Launch and Monitor the Job

Note

Both CloudAI and Dynamo will try to access HuggingFace Hub. To avoid 429 Too Many Requests errors and access models under auth, it is recommended to define HF_TOKEN environment variable before invoking CloudAI. Once set, run uv run hf auth login to authenticate.

Copy
Copied!
            

uv run cloudai run --system-config <k8s system toml> \ --tests-dir conf/experimental/ai_dynamo/test \ --test-scenario conf/experimental/ai_dynamo/test_scenario/vllm_k8s.toml

Node Configuration for AI Dynamo

AI Dynamo jobs use three distinct types of nodes:

  • Frontend node: Hosts the coordination services (etcd, nats), the frontend server, the request generator (genai-perf), and the first decode worker

  • Prefill node(s): Handle the prefill stage of inference

  • Decode node(s): Handle the decode stage of inference (optional, depending on model and setup)

The total number of required nodes must be:

Copy
Copied!
            

num_prefill_nodes + num_decode_nodes

If there is a mismatch in the number of nodes between the schema and the test scenario, CloudAI will use the number of nodes specified in the test schema, ignoring the value in the test scenario.

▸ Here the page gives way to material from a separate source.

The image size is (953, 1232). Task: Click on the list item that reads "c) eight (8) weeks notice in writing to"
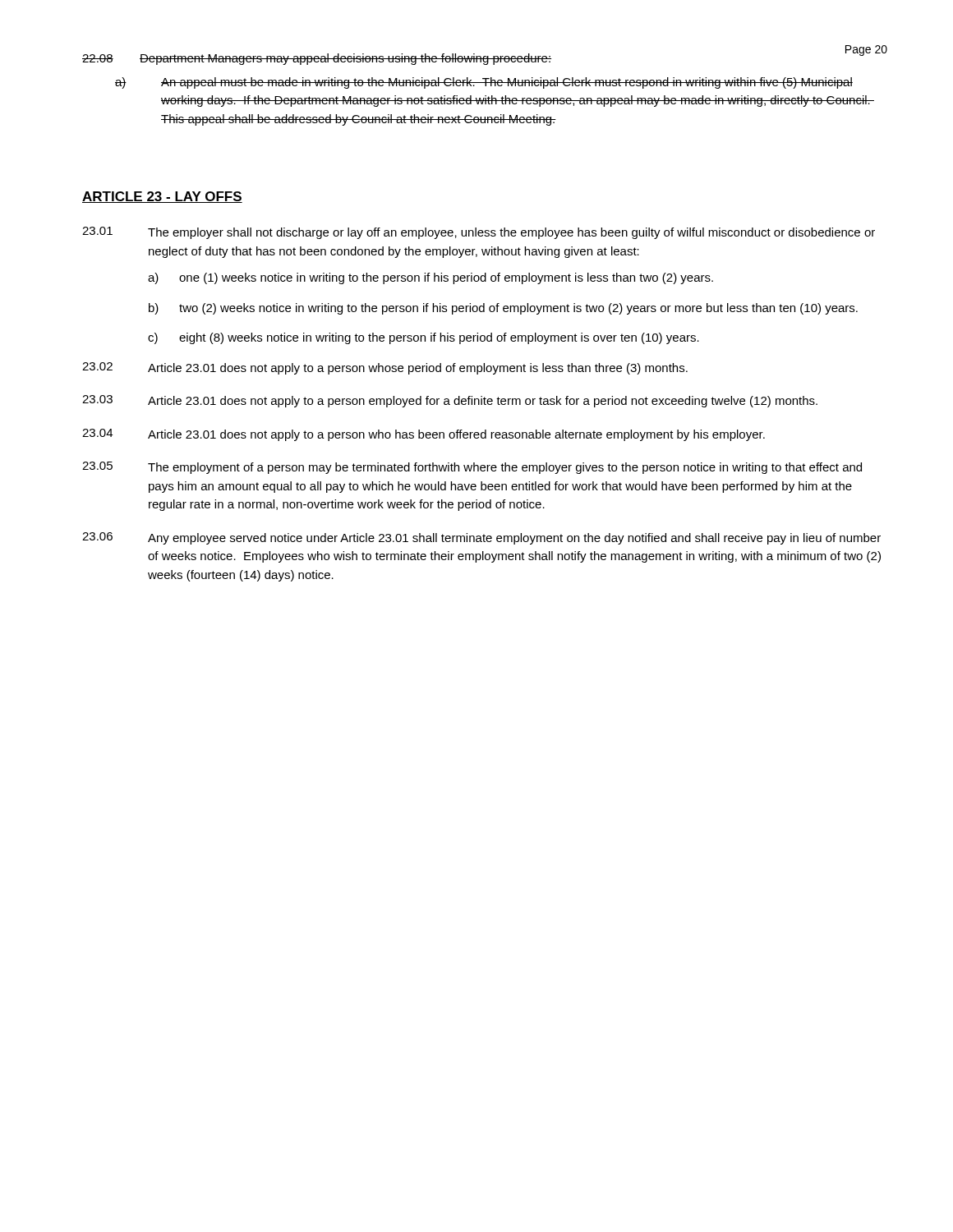[x=424, y=338]
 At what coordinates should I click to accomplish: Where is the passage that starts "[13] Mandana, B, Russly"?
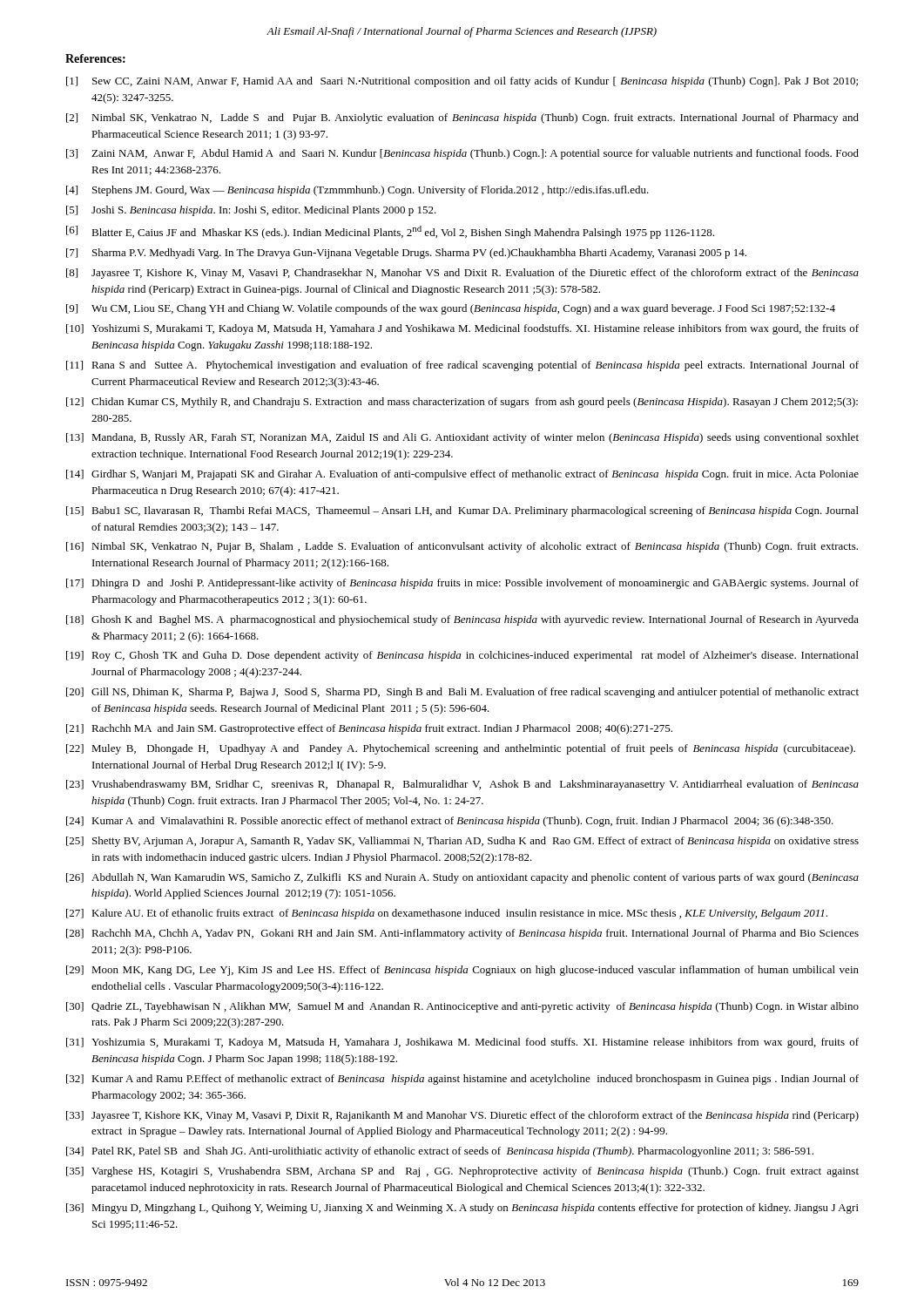[462, 446]

All node role assignments and orchestration are automatically managed by CloudAI.

Launch and Monitor the Job

To run the job:

Copy
Copied!
            

uv run cloudai run --system-config <slurm system toml> \ --tests-dir conf/experimental/ai_dynamo/test \ --test-scenario conf/experimental/ai_dynamo/test_scenario/vllm_slurm.toml

One can monitor job progress using either of the following options:

Copy
Copied!
            

watch squeue --me

Copy
Copied!
            

watch tail -n 4 ./results/<scenario name>/*.txt

The frontend node will initially wait to allow weight loading on all nodes. Once ready, it will launch genai-perf, which begins generating requests to the frontend server. All servers cooperate to complete inference, and the output will appear in stdout.txt.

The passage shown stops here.